Investment Approach

Investment philosophy

The company invests in the global financial markets using the quantitative and full-system approach.

Our investment philosophy is based on four principles that aim to provide our customers with excellent risk-adjusted returns (our investment philosophy is based on four principles, the purpose of which – to provide our customers with an excellent yield, adjusted for risk).

Disclaimer: These investment products come with a significant risk of loss.

Investment process

Due to our experience in researching and developing new trading strategies, we are constantly improving our own investment process in order to offer our clients innovative products.

1. Data collection

At the first stage of the investment process, we collect data from various traditional and alternative sources.

To maximize our chances of finding new sources of alpha analysis, we look at multiple datasets at once, including financial, fundamental, macroeconomic, government, and alternative sources.

This allows us to delve deeper into the operation of financial markets and test our hypotheses in a comprehensive way to implement adaptive strategies in the next stages of our development structure.

2. Data cleaning

We use patented automated algorithms to clean massive amounts of data. Our data scientists oversee automated cleanup procedures to ensure that the datasets are clean and can be further used by our quantitative researchers.

3. Data analysis

To search for alpha signals, our quantitative researchers analyze the datasets processed in the previous step using sophisticated and advanced statistical techniques.

This step is a key difference, as alpha signals are difficult to detect, and as a consequence, it is important to have an excellent team of quantitative researchers who can uncover hidden investment opportunities using massive amounts of data.

4. Testing on historical data

After an accurate and comprehensive analysis of the data, our quanta apply the scientific method to financial data.
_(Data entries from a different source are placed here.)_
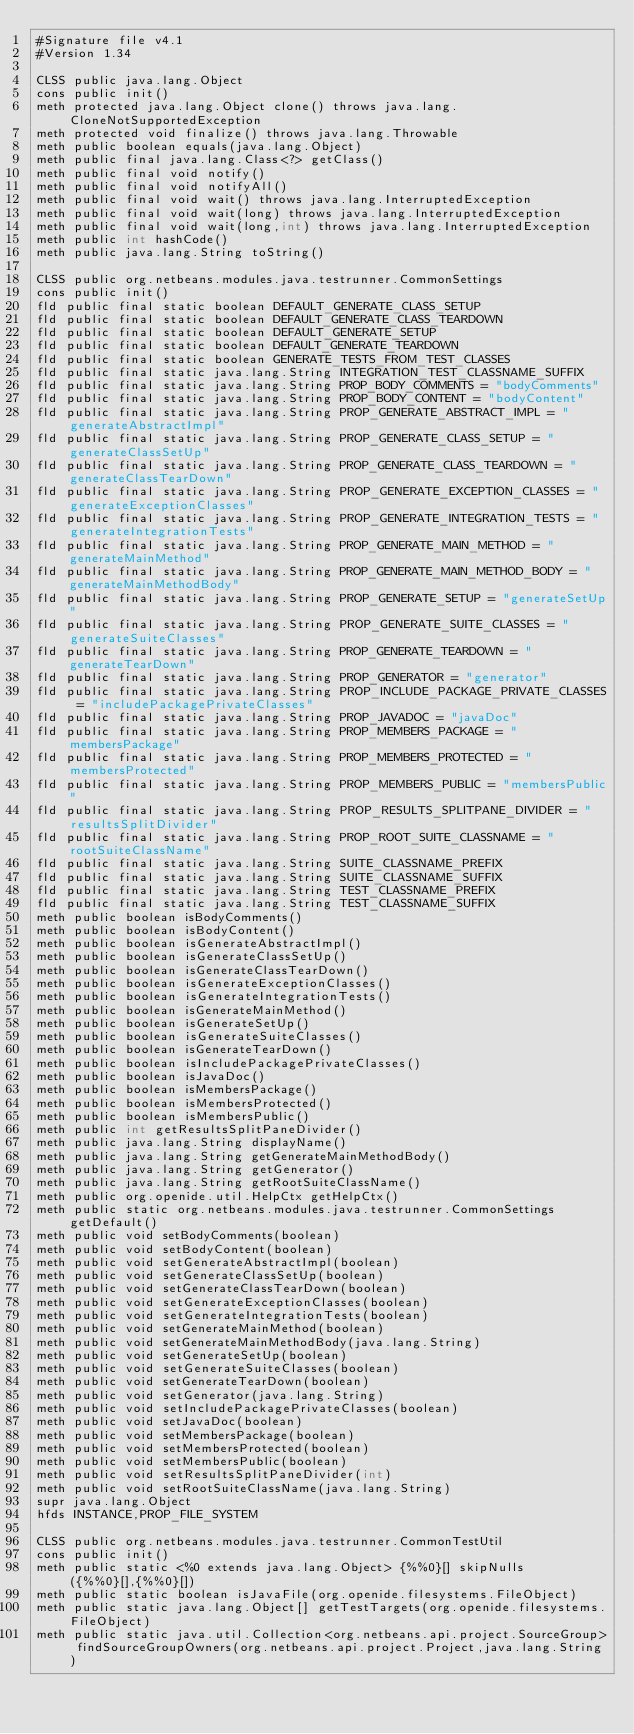<code> <loc_0><loc_0><loc_500><loc_500><_SML_>#Signature file v4.1
#Version 1.34

CLSS public java.lang.Object
cons public init()
meth protected java.lang.Object clone() throws java.lang.CloneNotSupportedException
meth protected void finalize() throws java.lang.Throwable
meth public boolean equals(java.lang.Object)
meth public final java.lang.Class<?> getClass()
meth public final void notify()
meth public final void notifyAll()
meth public final void wait() throws java.lang.InterruptedException
meth public final void wait(long) throws java.lang.InterruptedException
meth public final void wait(long,int) throws java.lang.InterruptedException
meth public int hashCode()
meth public java.lang.String toString()

CLSS public org.netbeans.modules.java.testrunner.CommonSettings
cons public init()
fld public final static boolean DEFAULT_GENERATE_CLASS_SETUP
fld public final static boolean DEFAULT_GENERATE_CLASS_TEARDOWN
fld public final static boolean DEFAULT_GENERATE_SETUP
fld public final static boolean DEFAULT_GENERATE_TEARDOWN
fld public final static boolean GENERATE_TESTS_FROM_TEST_CLASSES
fld public final static java.lang.String INTEGRATION_TEST_CLASSNAME_SUFFIX
fld public final static java.lang.String PROP_BODY_COMMENTS = "bodyComments"
fld public final static java.lang.String PROP_BODY_CONTENT = "bodyContent"
fld public final static java.lang.String PROP_GENERATE_ABSTRACT_IMPL = "generateAbstractImpl"
fld public final static java.lang.String PROP_GENERATE_CLASS_SETUP = "generateClassSetUp"
fld public final static java.lang.String PROP_GENERATE_CLASS_TEARDOWN = "generateClassTearDown"
fld public final static java.lang.String PROP_GENERATE_EXCEPTION_CLASSES = "generateExceptionClasses"
fld public final static java.lang.String PROP_GENERATE_INTEGRATION_TESTS = "generateIntegrationTests"
fld public final static java.lang.String PROP_GENERATE_MAIN_METHOD = "generateMainMethod"
fld public final static java.lang.String PROP_GENERATE_MAIN_METHOD_BODY = "generateMainMethodBody"
fld public final static java.lang.String PROP_GENERATE_SETUP = "generateSetUp"
fld public final static java.lang.String PROP_GENERATE_SUITE_CLASSES = "generateSuiteClasses"
fld public final static java.lang.String PROP_GENERATE_TEARDOWN = "generateTearDown"
fld public final static java.lang.String PROP_GENERATOR = "generator"
fld public final static java.lang.String PROP_INCLUDE_PACKAGE_PRIVATE_CLASSES = "includePackagePrivateClasses"
fld public final static java.lang.String PROP_JAVADOC = "javaDoc"
fld public final static java.lang.String PROP_MEMBERS_PACKAGE = "membersPackage"
fld public final static java.lang.String PROP_MEMBERS_PROTECTED = "membersProtected"
fld public final static java.lang.String PROP_MEMBERS_PUBLIC = "membersPublic"
fld public final static java.lang.String PROP_RESULTS_SPLITPANE_DIVIDER = "resultsSplitDivider"
fld public final static java.lang.String PROP_ROOT_SUITE_CLASSNAME = "rootSuiteClassName"
fld public final static java.lang.String SUITE_CLASSNAME_PREFIX
fld public final static java.lang.String SUITE_CLASSNAME_SUFFIX
fld public final static java.lang.String TEST_CLASSNAME_PREFIX
fld public final static java.lang.String TEST_CLASSNAME_SUFFIX
meth public boolean isBodyComments()
meth public boolean isBodyContent()
meth public boolean isGenerateAbstractImpl()
meth public boolean isGenerateClassSetUp()
meth public boolean isGenerateClassTearDown()
meth public boolean isGenerateExceptionClasses()
meth public boolean isGenerateIntegrationTests()
meth public boolean isGenerateMainMethod()
meth public boolean isGenerateSetUp()
meth public boolean isGenerateSuiteClasses()
meth public boolean isGenerateTearDown()
meth public boolean isIncludePackagePrivateClasses()
meth public boolean isJavaDoc()
meth public boolean isMembersPackage()
meth public boolean isMembersProtected()
meth public boolean isMembersPublic()
meth public int getResultsSplitPaneDivider()
meth public java.lang.String displayName()
meth public java.lang.String getGenerateMainMethodBody()
meth public java.lang.String getGenerator()
meth public java.lang.String getRootSuiteClassName()
meth public org.openide.util.HelpCtx getHelpCtx()
meth public static org.netbeans.modules.java.testrunner.CommonSettings getDefault()
meth public void setBodyComments(boolean)
meth public void setBodyContent(boolean)
meth public void setGenerateAbstractImpl(boolean)
meth public void setGenerateClassSetUp(boolean)
meth public void setGenerateClassTearDown(boolean)
meth public void setGenerateExceptionClasses(boolean)
meth public void setGenerateIntegrationTests(boolean)
meth public void setGenerateMainMethod(boolean)
meth public void setGenerateMainMethodBody(java.lang.String)
meth public void setGenerateSetUp(boolean)
meth public void setGenerateSuiteClasses(boolean)
meth public void setGenerateTearDown(boolean)
meth public void setGenerator(java.lang.String)
meth public void setIncludePackagePrivateClasses(boolean)
meth public void setJavaDoc(boolean)
meth public void setMembersPackage(boolean)
meth public void setMembersProtected(boolean)
meth public void setMembersPublic(boolean)
meth public void setResultsSplitPaneDivider(int)
meth public void setRootSuiteClassName(java.lang.String)
supr java.lang.Object
hfds INSTANCE,PROP_FILE_SYSTEM

CLSS public org.netbeans.modules.java.testrunner.CommonTestUtil
cons public init()
meth public static <%0 extends java.lang.Object> {%%0}[] skipNulls({%%0}[],{%%0}[])
meth public static boolean isJavaFile(org.openide.filesystems.FileObject)
meth public static java.lang.Object[] getTestTargets(org.openide.filesystems.FileObject)
meth public static java.util.Collection<org.netbeans.api.project.SourceGroup> findSourceGroupOwners(org.netbeans.api.project.Project,java.lang.String)</code>

We test our hypotheses by experimentation on historical data with long time series data spanning several decades.

By accepting long historical data sets, we reduce bias when testing against historical data and increase the likelihood of our investment strategies being robust in different market conditions.

5. Pilot test

This step is very important because it increases the likelihood that the strategy will perform as expected in real market conditions and gives us time to correct potential technology problems before production begins.

6. Production

After making sure that the profitability of the pilot trade matches the backtesting results and our expectations, our investment group allows our clients to invest in a new investment product.

Disclaimer: These investment products come with a significant risk of loss.